3. Leverage Purpose-Built Tools for PMS
Utilize specialized software solutions designed for medical device surveillance and post-market monitoring. These tools offer features such as complaint handling, nonconformance management, and CAPA processes tailored to EU MDR requirements.
By leveraging purpose-built tools, you streamline PMS workflows, enhance data accuracy, and ensure compliance with regulatory standards.
4. Foster Cross-Functional Collaboration
Promote cross-functional collaboration and communication across departments involved in post-market surveillance, including regulatory affairs, quality assurance, and product development.
Establish clear channels for reporting and escalating issues, facilitating timely decision-making and corrective actions. By fostering a collaborative culture, you enhance transparency and accountability in PMS activities.
5. Ensure Compliance with Post-Market Requirements
Stay informed and up-to-date on the latest post-market requirements outlined in EU MDR legislation. Regularly review guidance documents and regulatory updates issued by competent authorities to ensure compliance with reporting obligations, vigilance requirements, and post-market clinical follow-up (PMCF) obligations.

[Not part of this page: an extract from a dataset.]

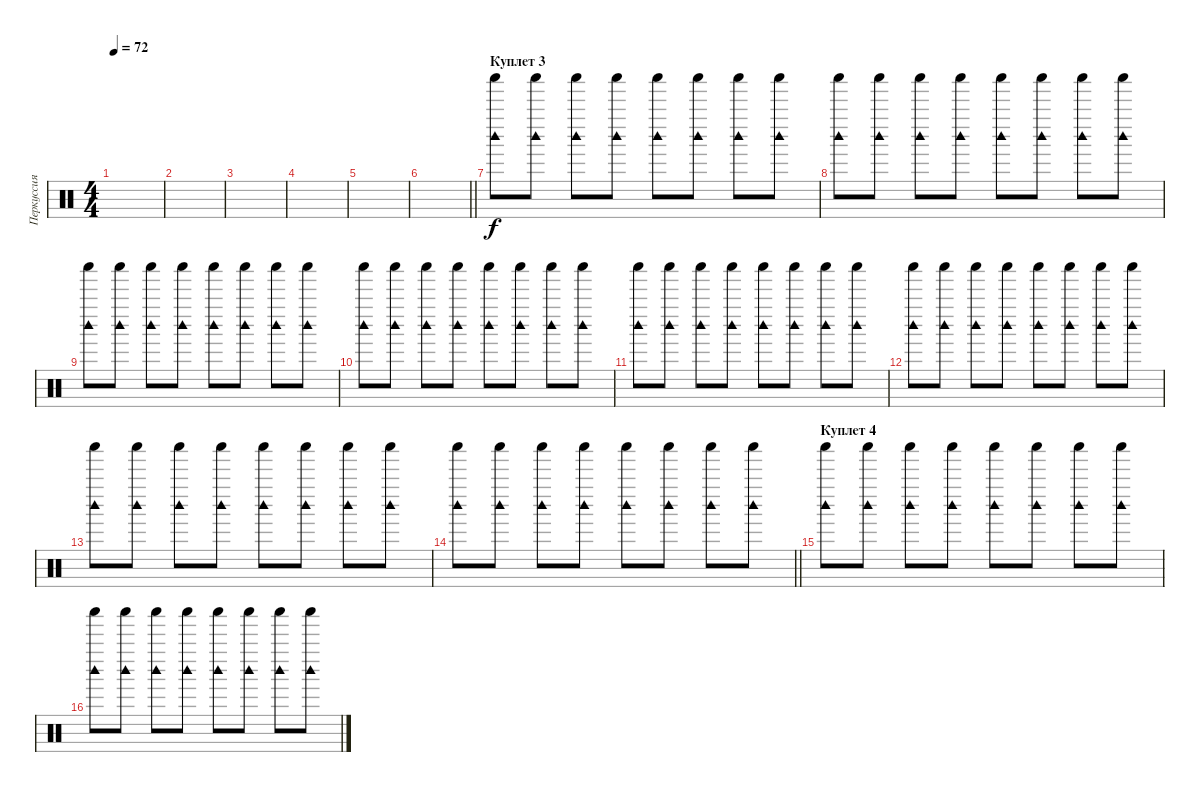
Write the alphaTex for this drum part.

By maintaining compliance with post-market requirements, you mitigate regulatory risks and uphold patient safety standards.
6. Enhance Data Traceability and Documentation
Maintain comprehensive traceability of post-market surveillance activities through robust documentation and data management practices. Implement systems for documenting complaints, adverse events, corrective actions, and other PMS-related information in accordance with EU MDR documentation requirements.

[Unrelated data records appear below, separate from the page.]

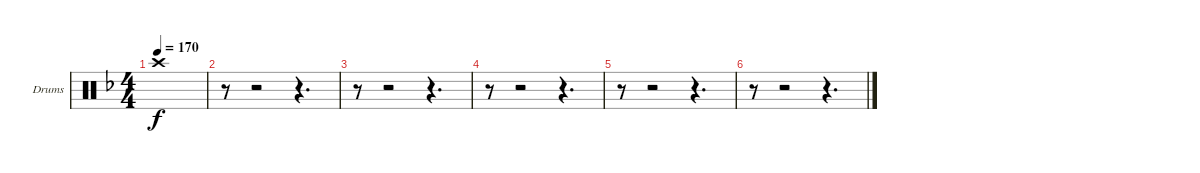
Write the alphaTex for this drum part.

\bracketExtendMode groupsimilarinstruments
\firstSystemTrackNameOrientation horizontal
\otherSystemsTrackNameOrientation horizontal
\track ("Drumkit" "Drums") {instrument percussion}
\staff {score}
\articulation defaults
\ts (4 4)
\tempo 170
\clef neutral
\scale
0.13242
\ks dminor "Crash high (hit)".1{dy f}
|
\scale
0.333333 r.8 r.2 r.4{d} |
\scale
0.333333 r.8 r.2 r.4{d} |
\scale
0.333333 r.8 r.2 r.4{d} |
\scale
0.5 r.8 r.2 r.4{d} |
\scale
0.5 r.8 r.2 r.4{d}

By enhancing data traceability, you facilitate regulatory inspections and demonstrate compliance with post-market obligations.
7. Embrace Continuous Improvement
Embrace a culture of continuous improvement in post-market surveillance processes, leveraging data-driven insights to drive enhancements and optimizations.

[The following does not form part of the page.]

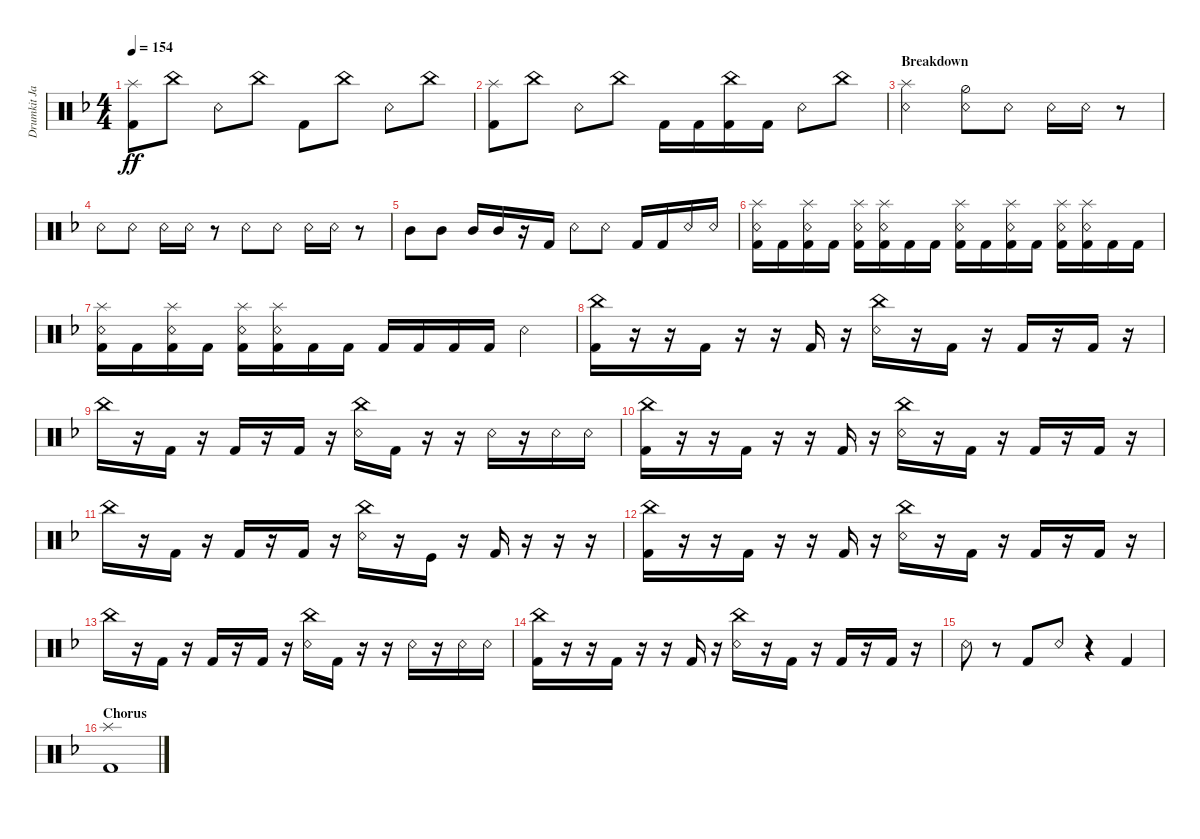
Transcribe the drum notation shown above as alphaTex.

Regularly assess the effectiveness of PMS activities, identify areas for improvement, and implement corrective measures as needed. By prioritizing continuous improvement, you demonstrate a commitment to excellence in post-market surveillance and patient safety.
In conclusion, staying vigilant in post-market surveillance under EU MDR requires proactive planning, robust monitoring protocols, and a commitment to compliance with regulatory requirements.
By integrating PMS into quality management systems, leveraging purpose-built tools, fostering cross-functional collaboration, and embracing continuous improvement, medical device manufacturers can navigate the complexities of post-market surveillance with confidence and ensure ongoing regulatory compliance.
A Quality Management System is defined by ISO 13485 as a set of processes, procedures, and responsibilities for achieving quality policies and objectives in a medical device manufacturing organisation. It is a structured system that ensures that medical devices consistently meet customer and regulatory requirements.
ISO 13485 is an international standard that specifies requirements for a QMS specific to the medical device industry. ISO 13485 is a stand-alone QMS standard based on ISO 9001:2008, superseded by ISO 9001:2015.
It covers the design, development, production, storage, distribution, installation, servicing, and final decommissioning of medical devices.
Implementing a QMS based on ISO 13485 helps organisations demonstrate their ability to provide medical devices and related services that meet customer expectations and regulatory requirements, fostering customer confidence and regulatory compliance.
One of the critical advantages of ISO 13485 is that it ensures a strong starting point if a manufacturer wants to certify their products under the EU Medical Device Regulation and In Vitro Diagnostic Regulation (IVDR).
MDR requirements for QMS
EU MDR states the requirement for a well-established and maintained QMS in Article 10 (9).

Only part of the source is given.